(LISTED RECORDS begins)

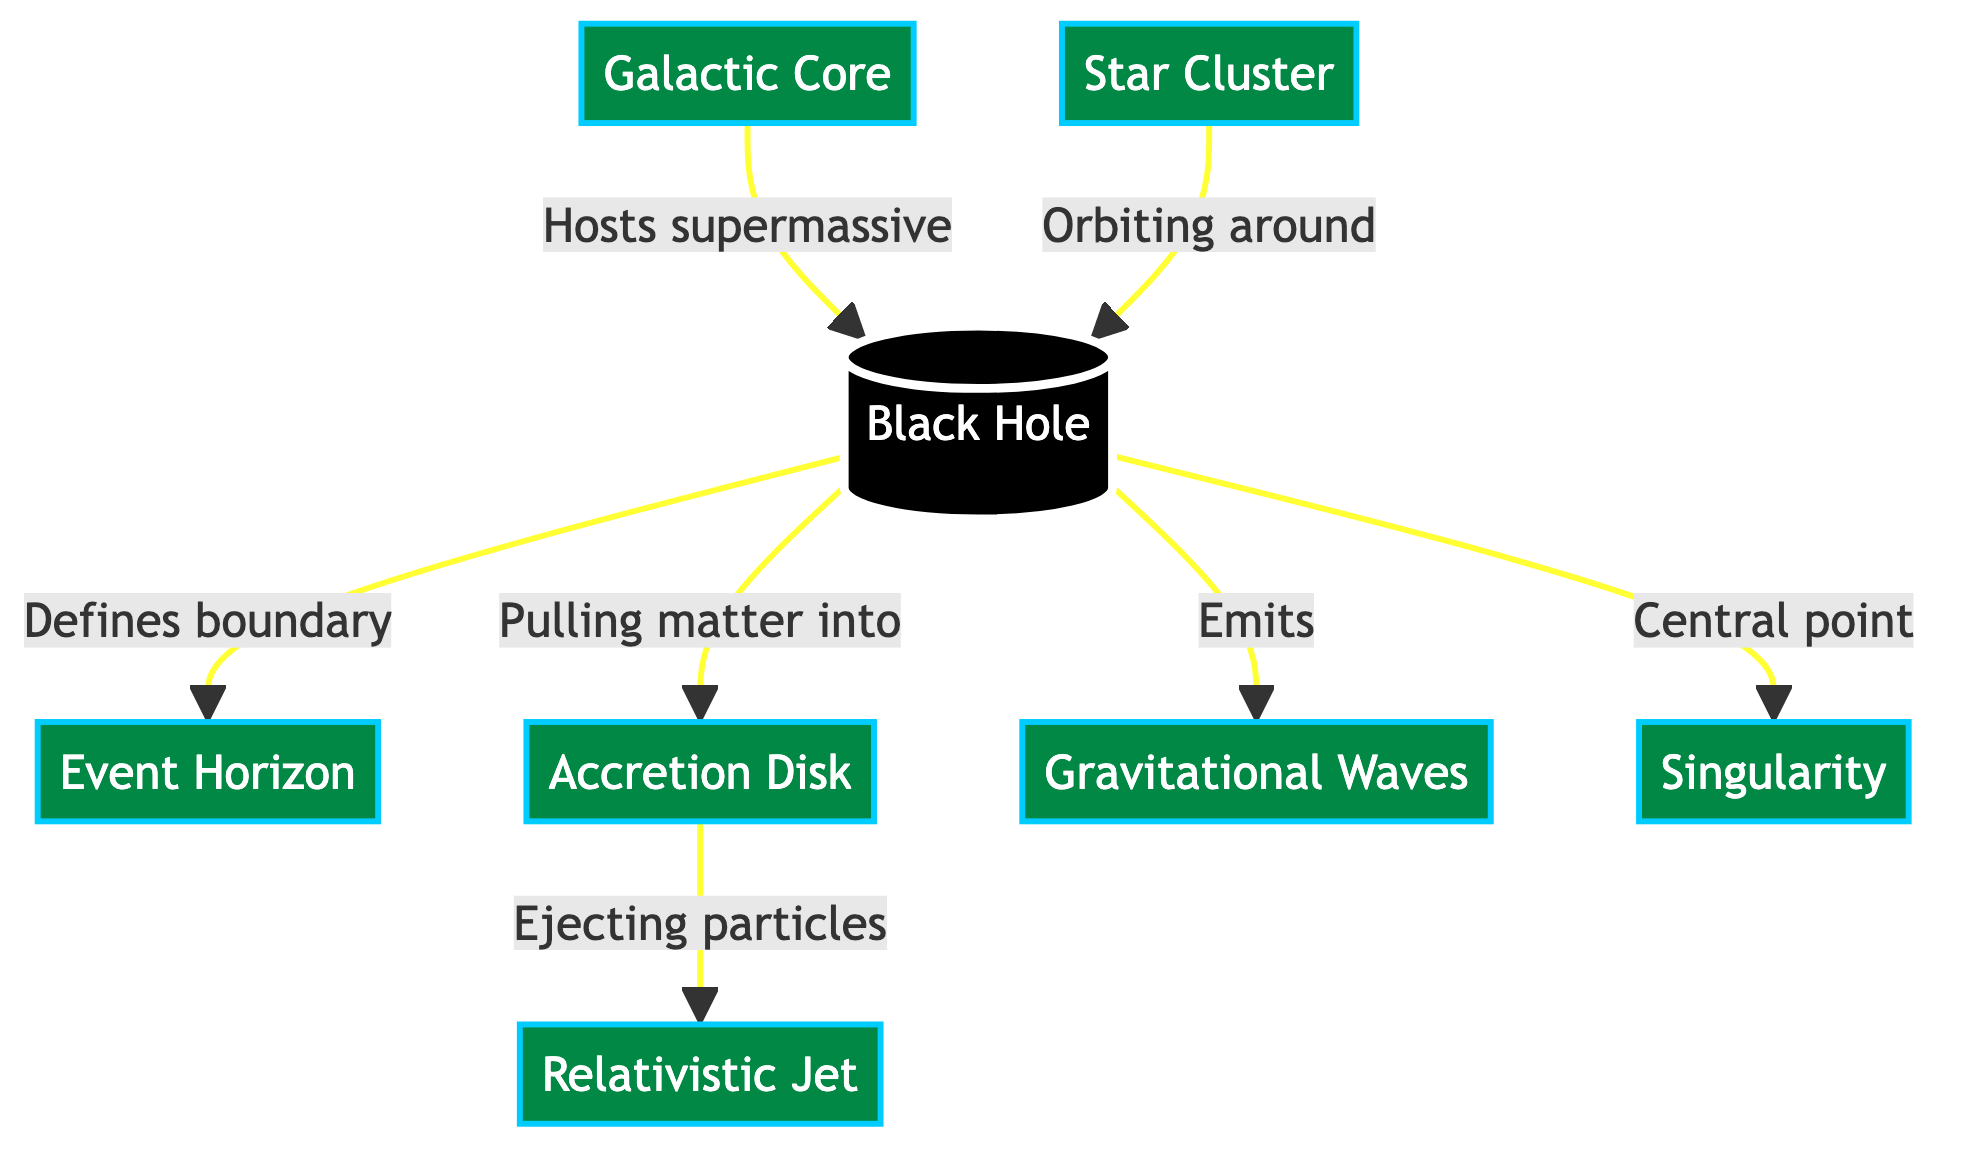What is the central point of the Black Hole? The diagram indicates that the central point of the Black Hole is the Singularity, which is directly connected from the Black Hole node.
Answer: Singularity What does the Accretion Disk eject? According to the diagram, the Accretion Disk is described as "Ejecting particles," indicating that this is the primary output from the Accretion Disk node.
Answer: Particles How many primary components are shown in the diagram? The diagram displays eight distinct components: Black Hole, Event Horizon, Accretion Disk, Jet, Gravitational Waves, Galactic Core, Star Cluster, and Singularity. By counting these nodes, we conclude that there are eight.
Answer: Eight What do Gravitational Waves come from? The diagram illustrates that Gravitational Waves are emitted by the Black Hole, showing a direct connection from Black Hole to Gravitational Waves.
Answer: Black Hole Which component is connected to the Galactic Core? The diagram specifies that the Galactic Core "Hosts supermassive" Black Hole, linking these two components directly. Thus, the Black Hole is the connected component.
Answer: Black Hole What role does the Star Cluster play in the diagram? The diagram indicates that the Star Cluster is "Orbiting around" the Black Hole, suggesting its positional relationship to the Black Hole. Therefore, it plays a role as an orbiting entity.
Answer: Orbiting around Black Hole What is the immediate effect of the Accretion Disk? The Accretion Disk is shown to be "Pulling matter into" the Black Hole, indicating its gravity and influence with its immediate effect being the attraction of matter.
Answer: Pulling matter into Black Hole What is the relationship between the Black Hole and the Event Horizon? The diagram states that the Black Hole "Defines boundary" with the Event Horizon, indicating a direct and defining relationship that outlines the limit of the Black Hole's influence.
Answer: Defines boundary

(LISTED RECORDS ends)

### THE PROBLEM
Skip the pictures and print each record exactly as it stands.

### RESULT OF THIS EXERCISE
What is the central point of the Black Hole? The diagram indicates that the central point of the Black Hole is the Singularity, which is directly connected from the Black Hole node.
Answer: Singularity What does the Accretion Disk eject? According to the diagram, the Accretion Disk is described as "Ejecting particles," indicating that this is the primary output from the Accretion Disk node.
Answer: Particles How many primary components are shown in the diagram? The diagram displays eight distinct components: Black Hole, Event Horizon, Accretion Disk, Jet, Gravitational Waves, Galactic Core, Star Cluster, and Singularity. By counting these nodes, we conclude that there are eight.
Answer: Eight What do Gravitational Waves come from? The diagram illustrates that Gravitational Waves are emitted by the Black Hole, showing a direct connection from Black Hole to Gravitational Waves.
Answer: Black Hole Which component is connected to the Galactic Core? The diagram specifies that the Galactic Core "Hosts supermassive" Black Hole, linking these two components directly. Thus, the Black Hole is the connected component.
Answer: Black Hole What role does the Star Cluster play in the diagram? The diagram indicates that the Star Cluster is "Orbiting around" the Black Hole, suggesting its positional relationship to the Black Hole. Therefore, it plays a role as an orbiting entity.
Answer: Orbiting around Black Hole What is the immediate effect of the Accretion Disk? The Accretion Disk is shown to be "Pulling matter into" the Black Hole, indicating its gravity and influence with its immediate effect being the attraction of matter.
Answer: Pulling matter into Black Hole What is the relationship between the Black Hole and the Event Horizon? The diagram states that the Black Hole "Defines boundary" with the Event Horizon, indicating a direct and defining relationship that outlines the limit of the Black Hole's influence.
Answer: Defines boundary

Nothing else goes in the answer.